为明仪公主建陵墓和冰棺,以纸人看守墓穴,以鲛人烛点灯为亡魂引路,谢南清原本对厌胜之术嗤之以鼻,却在妹妹身上用尽巫蛊之法,企图她能再醒过来。

当一切尘埃落定,一把大火,谢南清身穿庄严的黄袍登上城墙,俯视着被火吞灭的皇宫:“音音,你不在,天下苍生与我何干。”

随后仰面倒下,从容赴死。晏朝自此覆灭。

皇朝更替,这对兄妹在后朝史书上不过几句带过,三言两语间尽是嘲讽。

但令人惊异的是,谢南音留下的那册变革举措却在大火中幸存下来。

破后而立,动乱后新的王朝建立,晏朝虽覆灭,变革和新法到底还是在新朝推行开了,这一方国土渐渐有了盛世雏形。

最后一个镜头,是繁荣新盛的王朝下百姓安居乐业。

热闹的街道上,程迟音与容舟穿着普通富户家小姐公子的衣物擦肩而过。

小姐手里握着糖葫芦,擦肩后脚步顿住回头看过来,澄澈的眼睛里带点疑惑。

那公子也像是察觉到什么,停下脚步转头看来。视线相对,小姐便朝他挥挥手里的糖葫芦,笑着越走越远,公子停在原地注视着她的背影,良久才跟着露出一抹笑,抬步离开。

余选:“咔!过了!杀青!!!”

整个剧组都欢呼起来。

“啊啊啊终于杀青了!!!”

程迟音啃了口道具师买来的糖葫芦,心里也跟着大喊一声:“终于杀青了!”

容舟看着她咬着糖葫芦鼓鼓囊囊的腮帮子,轻笑一声:“辛苦了。”

程迟音咽下糖葫芦,笑:“你也辛苦了。”

余选拿着喇叭喊了一圈:“晚上老地方走起,杀青宴,人都给我到齐了!”

工作人员和演员们笑起来:“那必须的,今晚燥起来!”

近三个月的拍摄,《莽红尘·前传》终于杀青。

这是程迟音担任女主的第一部 戏,也是第一次待在剧组这么久。此时看着热闹的片场,难免有些舍不得。

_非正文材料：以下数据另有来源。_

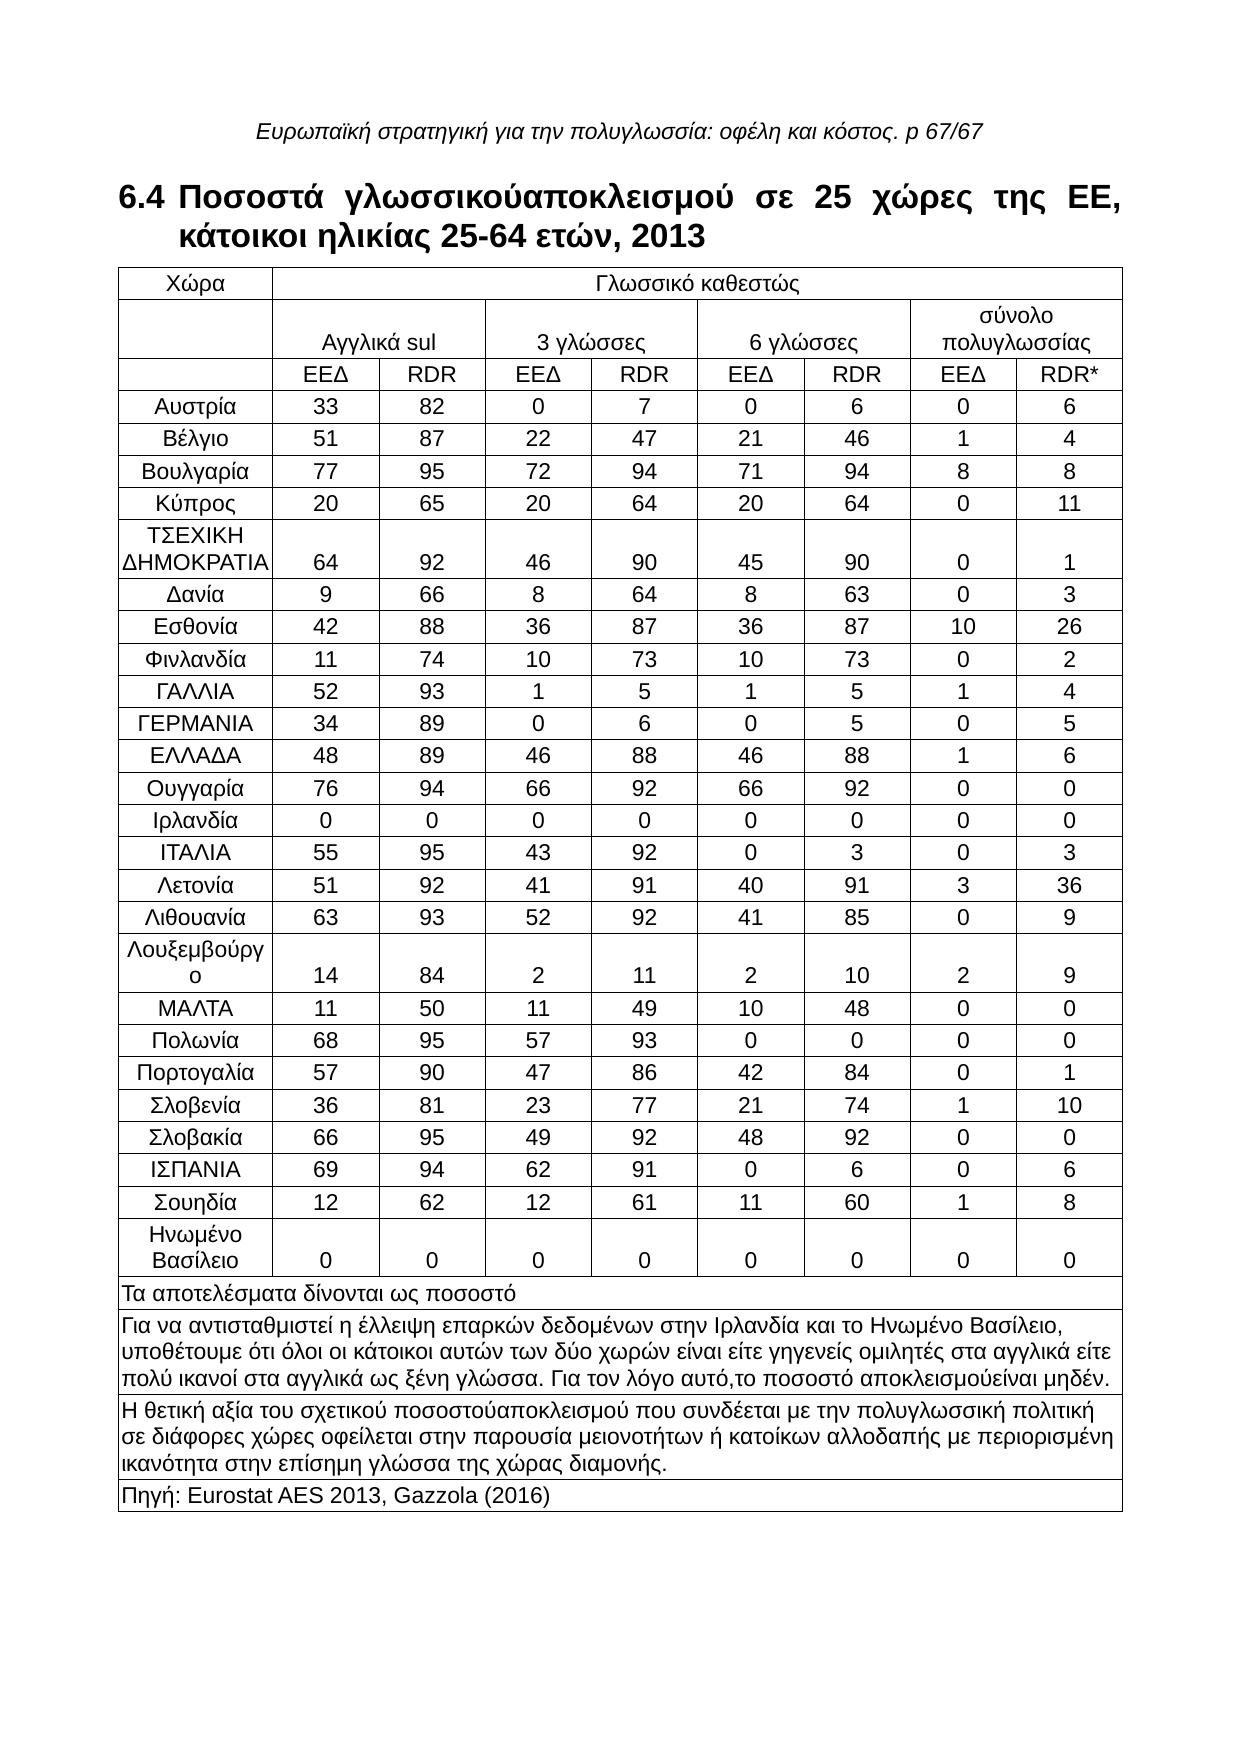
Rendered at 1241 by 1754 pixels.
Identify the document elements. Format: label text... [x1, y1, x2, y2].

table_cell 89 [380, 708, 485, 739]
table_cell 0 [486, 805, 591, 836]
table_cell RDR* [1017, 359, 1122, 390]
table_cell 6 [805, 1154, 910, 1186]
table_cell 22 [486, 424, 591, 455]
table_cell 60 [805, 1187, 910, 1218]
table_cell 95 [380, 1122, 485, 1153]
table_cell 92 [592, 1122, 697, 1153]
table_cell Σουηδία [119, 1187, 272, 1218]
table_cell Φινλανδία [119, 644, 272, 675]
table_cell 91 [592, 870, 697, 901]
table_cell 0 [1017, 1122, 1122, 1153]
table_cell 46 [486, 520, 591, 578]
table_cell 66 [380, 579, 485, 610]
table_cell 93 [380, 676, 485, 707]
table_cell 68 [273, 1025, 379, 1056]
table_cell 0 [911, 488, 1016, 519]
table_cell 33 [273, 391, 379, 422]
table_cell 51 [273, 870, 379, 901]
table_cell 14 [273, 934, 379, 992]
table_cell Η θετική αξία του σχετικού ποσοστούαποκλεισμού που συνδέεται με την πολυγλωσσική πολιτική σε διάφορες χώρες οφείλεται στην παρουσία μειονοτήτων ή κατοίκων αλλοδαπής με περιορισμένη ικανότητα στην επίσημη γλώσσα της χώρας διαμονής. [119, 1395, 1122, 1479]
table_cell 6 [1017, 740, 1122, 772]
table_cell 6 γλώσσες [698, 300, 910, 358]
table_cell Δανία [119, 579, 272, 610]
table_cell 49 [592, 993, 697, 1024]
table_cell Ιρλανδία [119, 805, 272, 836]
table_cell 82 [380, 391, 485, 422]
table_cell 8 [698, 579, 804, 610]
table_cell 8 [1017, 456, 1122, 487]
table_cell 88 [592, 740, 697, 772]
table_cell 51 [273, 424, 379, 455]
table_cell ΓΕΡΜΑΝΙΑ [119, 708, 272, 739]
table_cell 1 [911, 676, 1016, 707]
table_cell 20 [698, 488, 804, 519]
table_cell 66 [486, 773, 591, 804]
table_cell Λετονία [119, 870, 272, 901]
table_cell 0 [1017, 1025, 1122, 1056]
table_cell 0 [1017, 773, 1122, 804]
table_cell 11 [1017, 488, 1122, 519]
table_cell ΕΕΔ [698, 359, 804, 390]
table_cell 41 [698, 902, 804, 933]
table_cell Πηγή: Eurostat AES 2013, Gazzola (2016) [119, 1480, 1122, 1511]
table_cell 10 [698, 644, 804, 675]
table_cell 36 [1017, 870, 1122, 901]
table_cell Πορτογαλία [119, 1057, 272, 1089]
table_cell RDR [592, 359, 697, 390]
table_cell 90 [805, 520, 910, 578]
table_cell 48 [273, 740, 379, 772]
table_cell 0 [805, 805, 910, 836]
table_cell 0 [380, 1219, 485, 1276]
table_cell Για να αντισταθμιστεί η έλλειψη επαρκών δεδομένων στην Ιρλανδία και το Ηνωμένο Βασίλειο, υποθέτουμε ότι όλοι οι κάτοικοι αυτών των δύο χωρών είναι είτε γηγενείς ομιλητές στα αγγλικά είτε πολύ ικανοί στα αγγλικά ως ξένη γλώσσα. Για τον λόγο αυτό,το ποσοστό αποκλεισμούείναι μηδέν. [119, 1310, 1122, 1394]
table_cell 10 [486, 644, 591, 675]
table_cell Σλοβακία [119, 1122, 272, 1153]
table_cell Πολωνία [119, 1025, 272, 1056]
table_cell 20 [273, 488, 379, 519]
table_cell 90 [592, 520, 697, 578]
table_cell 6 [1017, 391, 1122, 422]
table_cell 46 [805, 424, 910, 455]
table_cell 0 [911, 644, 1016, 675]
table_cell ΤΣΕΧΙΚΗ ΔΗΜΟΚΡΑΤΙΑ [119, 520, 272, 578]
table_cell 42 [273, 611, 379, 642]
table_cell 0 [486, 1219, 591, 1276]
table_cell 41 [486, 870, 591, 901]
table_cell 36 [273, 1090, 379, 1121]
table_cell 57 [273, 1057, 379, 1089]
table_cell 8 [911, 456, 1016, 487]
table_cell 0 [273, 805, 379, 836]
table_cell 62 [486, 1154, 591, 1186]
table_cell 11 [592, 934, 697, 992]
table_cell 42 [698, 1057, 804, 1089]
table_cell 0 [1017, 1219, 1122, 1276]
table_cell 0 [698, 391, 804, 422]
table_cell 0 [698, 708, 804, 739]
table_cell 90 [380, 1057, 485, 1089]
table_cell 95 [380, 456, 485, 487]
table_cell 3 γλώσσες [486, 300, 697, 358]
table_cell 63 [273, 902, 379, 933]
table_cell Λουξεμβούργο [119, 934, 272, 992]
table_cell 1 [1017, 1057, 1122, 1089]
table_cell 0 [911, 1057, 1016, 1089]
table_cell 2 [698, 934, 804, 992]
table_header Χώρα [119, 268, 272, 299]
table_cell 1 [911, 1090, 1016, 1121]
table_cell 10 [911, 611, 1016, 642]
table_cell 0 [698, 1219, 804, 1276]
table_cell Εσθονία [119, 611, 272, 642]
table_cell Κύπρος [119, 488, 272, 519]
table_cell 1 [911, 740, 1016, 772]
table_cell 12 [486, 1187, 591, 1218]
table_cell 0 [698, 1154, 804, 1186]
table_header Γλωσσικό καθεστώς [273, 268, 1122, 299]
table_cell 23 [486, 1090, 591, 1121]
table_cell σύνολο πολυγλωσσίας [911, 300, 1122, 358]
table_cell ΙΣΠΑΝΙΑ [119, 1154, 272, 1186]
table_cell 0 [911, 993, 1016, 1024]
table_cell 0 [911, 1154, 1016, 1186]
table_cell 61 [592, 1187, 697, 1218]
table_cell 92 [805, 773, 910, 804]
table_cell 93 [592, 1025, 697, 1056]
table_cell 5 [805, 708, 910, 739]
table_cell 0 [486, 391, 591, 422]
table_cell 11 [273, 644, 379, 675]
table_cell 92 [592, 773, 697, 804]
table_cell 6 [1017, 1154, 1122, 1186]
table_cell 55 [273, 837, 379, 868]
table_cell 87 [805, 611, 910, 642]
table_cell 0 [911, 773, 1016, 804]
table_cell 0 [486, 708, 591, 739]
table_cell 88 [380, 611, 485, 642]
table_cell 77 [592, 1090, 697, 1121]
table_cell 69 [273, 1154, 379, 1186]
table_cell 0 [273, 1219, 379, 1276]
table_cell 92 [380, 870, 485, 901]
table_cell 10 [698, 993, 804, 1024]
table_cell 88 [805, 740, 910, 772]
table_cell 91 [592, 1154, 697, 1186]
table_cell 52 [273, 676, 379, 707]
table_cell [119, 300, 272, 358]
table_cell 0 [592, 1219, 697, 1276]
table_cell ΕΛΛΑΔΑ [119, 740, 272, 772]
table_cell 66 [273, 1122, 379, 1153]
table_cell 26 [1017, 611, 1122, 642]
table_cell 0 [698, 837, 804, 868]
table_cell 20 [486, 488, 591, 519]
table_cell 11 [486, 993, 591, 1024]
table_cell [119, 359, 272, 390]
table_cell 21 [698, 424, 804, 455]
table_cell 92 [380, 520, 485, 578]
table_cell 0 [1017, 805, 1122, 836]
table_cell 1 [911, 1187, 1016, 1218]
table_cell 84 [380, 934, 485, 992]
table_cell 95 [380, 837, 485, 868]
table_cell ΕΕΔ [273, 359, 379, 390]
table_cell 10 [805, 934, 910, 992]
table_cell 40 [698, 870, 804, 901]
table_cell 1 [486, 676, 591, 707]
table_cell RDR [380, 359, 485, 390]
table_cell 7 [592, 391, 697, 422]
table_cell ΜΑΛΤΑ [119, 993, 272, 1024]
table_cell 0 [805, 1219, 910, 1276]
table_cell 36 [698, 611, 804, 642]
table_cell 92 [592, 902, 697, 933]
table_cell 64 [592, 488, 697, 519]
table_cell 5 [805, 676, 910, 707]
table_cell 49 [486, 1122, 591, 1153]
table_cell 2 [1017, 644, 1122, 675]
table_cell 87 [380, 424, 485, 455]
table_cell 1 [1017, 520, 1122, 578]
table_cell ΙΤΑΛΙΑ [119, 837, 272, 868]
table_cell RDR [805, 359, 910, 390]
table_cell 46 [698, 740, 804, 772]
table_cell 94 [592, 456, 697, 487]
table_cell 6 [592, 708, 697, 739]
table_cell 89 [380, 740, 485, 772]
table_cell 57 [486, 1025, 591, 1056]
table_cell 47 [592, 424, 697, 455]
table_cell 8 [1017, 1187, 1122, 1218]
table_cell 0 [911, 520, 1016, 578]
table_cell 92 [805, 1122, 910, 1153]
table_cell Ηνωμένο Βασίλειο [119, 1219, 272, 1276]
table_cell ΕΕΔ [911, 359, 1016, 390]
table_cell 2 [486, 934, 591, 992]
table_cell 63 [805, 579, 910, 610]
table_cell Σλοβενία [119, 1090, 272, 1121]
table_cell 66 [698, 773, 804, 804]
table_cell 3 [911, 870, 1016, 901]
table_cell 62 [380, 1187, 485, 1218]
table_cell Αυστρία [119, 391, 272, 422]
table_cell 64 [805, 488, 910, 519]
table_cell 87 [592, 611, 697, 642]
table_cell 36 [486, 611, 591, 642]
table_cell 72 [486, 456, 591, 487]
table_cell Βέλγιο [119, 424, 272, 455]
table_cell 74 [380, 644, 485, 675]
table_cell Ουγγαρία [119, 773, 272, 804]
table_cell 0 [698, 1025, 804, 1056]
table_cell 94 [805, 456, 910, 487]
table_cell 0 [911, 1219, 1016, 1276]
table_cell 94 [380, 773, 485, 804]
table_cell 0 [380, 805, 485, 836]
table_cell 34 [273, 708, 379, 739]
table_cell 46 [486, 740, 591, 772]
table_cell 0 [592, 805, 697, 836]
table_cell 0 [805, 1025, 910, 1056]
table_cell 11 [273, 993, 379, 1024]
table_cell 86 [592, 1057, 697, 1089]
table_cell 9 [1017, 934, 1122, 992]
table_cell Τα αποτελέσματα δίνονται ως ποσοστό [119, 1277, 1122, 1309]
table_cell 74 [805, 1090, 910, 1121]
table_cell 9 [1017, 902, 1122, 933]
table_cell 0 [911, 1122, 1016, 1153]
table_cell 5 [592, 676, 697, 707]
table_cell 93 [380, 902, 485, 933]
table_cell 76 [273, 773, 379, 804]
table_cell 0 [911, 391, 1016, 422]
table_cell 52 [486, 902, 591, 933]
table_cell 64 [273, 520, 379, 578]
table_cell 6 [805, 391, 910, 422]
table_cell Βουλγαρία [119, 456, 272, 487]
table_cell 9 [273, 579, 379, 610]
table_cell Αγγλικά sul [273, 300, 485, 358]
table_cell 77 [273, 456, 379, 487]
table_cell 8 [486, 579, 591, 610]
table_cell 1 [911, 424, 1016, 455]
table_cell 12 [273, 1187, 379, 1218]
table_cell 71 [698, 456, 804, 487]
table_cell 4 [1017, 424, 1122, 455]
table_cell 73 [592, 644, 697, 675]
table_cell 1 [698, 676, 804, 707]
table_cell 0 [911, 579, 1016, 610]
table_cell 50 [380, 993, 485, 1024]
table_cell 73 [805, 644, 910, 675]
table_cell 47 [486, 1057, 591, 1089]
table_cell 0 [911, 837, 1016, 868]
table_cell ΕΕΔ [486, 359, 591, 390]
table_cell 85 [805, 902, 910, 933]
table_cell 21 [698, 1090, 804, 1121]
table_cell 10 [1017, 1090, 1122, 1121]
table_cell 0 [911, 902, 1016, 933]
subtitle Ποσοστά γλωσσικούαποκλεισμού σε 25 χώρες της ΕΕ, κάτοικοι ηλικίας 25-64 ετών, 2013 [118, 177, 1122, 254]
table_cell 3 [1017, 837, 1122, 868]
table_cell 65 [380, 488, 485, 519]
table_cell 91 [805, 870, 910, 901]
table_cell 4 [1017, 676, 1122, 707]
table_cell 3 [805, 837, 910, 868]
table_cell ΓΑΛΛΙΑ [119, 676, 272, 707]
table_cell 48 [805, 993, 910, 1024]
table_cell 48 [698, 1122, 804, 1153]
table_cell 5 [1017, 708, 1122, 739]
table_cell 92 [592, 837, 697, 868]
table_cell 3 [1017, 579, 1122, 610]
table_cell 0 [911, 708, 1016, 739]
table_cell 64 [592, 579, 697, 610]
table_cell 94 [380, 1154, 485, 1186]
table_cell 11 [698, 1187, 804, 1218]
table_cell 0 [698, 805, 804, 836]
table_cell 84 [805, 1057, 910, 1089]
table_cell 0 [911, 1025, 1016, 1056]
table_cell Λιθουανία [119, 902, 272, 933]
table_cell 81 [380, 1090, 485, 1121]
table_cell 2 [911, 934, 1016, 992]
table_cell 43 [486, 837, 591, 868]
table_cell 0 [911, 805, 1016, 836]
table_cell 45 [698, 520, 804, 578]
table_cell 95 [380, 1025, 485, 1056]
table_cell 0 [1017, 993, 1122, 1024]

余选安排好后续的一些活后走到程迟音跟容舟身边,感叹一声:“迟音啊,说起来你入行第一部 戏就是我带你的,从个小龙套到今天,你这进步……”

程迟音看他眼睛里竟然泛出一点湿润来,赶紧抽纸巾往他眼角压压:“导演。”

余选一向骂人嘴巴毒,但跟他相处下来就知道他其实是内心挺敏感一人,很为手下演员考虑。程迟音进组这三个月假没少请,余选半句话都没多说。

“导演,谢谢你,你最辛苦了。”程迟音给他擦擦眼泪。

摆摆手,余选又笑起来:“诶,年纪大了就容易感性。说回正事,咱们这剧播出平台老早就谈好了,估计七月份左右就能上,正好赶暑假这波流量。”

顿了顿,扫向程迟音和容舟,他眼里越发满意:“你们俩主演表现我看在眼里,是这个。”

比了个大拇指,余选拍拍他俩胳膊:“等十月份冲冲飞天奖,我看有戏。”

杀青宴上,大家吃吃喝喝,不停给几个主演敬酒,程迟音招架不住,还好容舟在旁边挡了挡。

等宴席快结束已经是半夜了,程迟音又回来片场一趟,收拾起休息室里放的教材和一些杂七杂八的小东西。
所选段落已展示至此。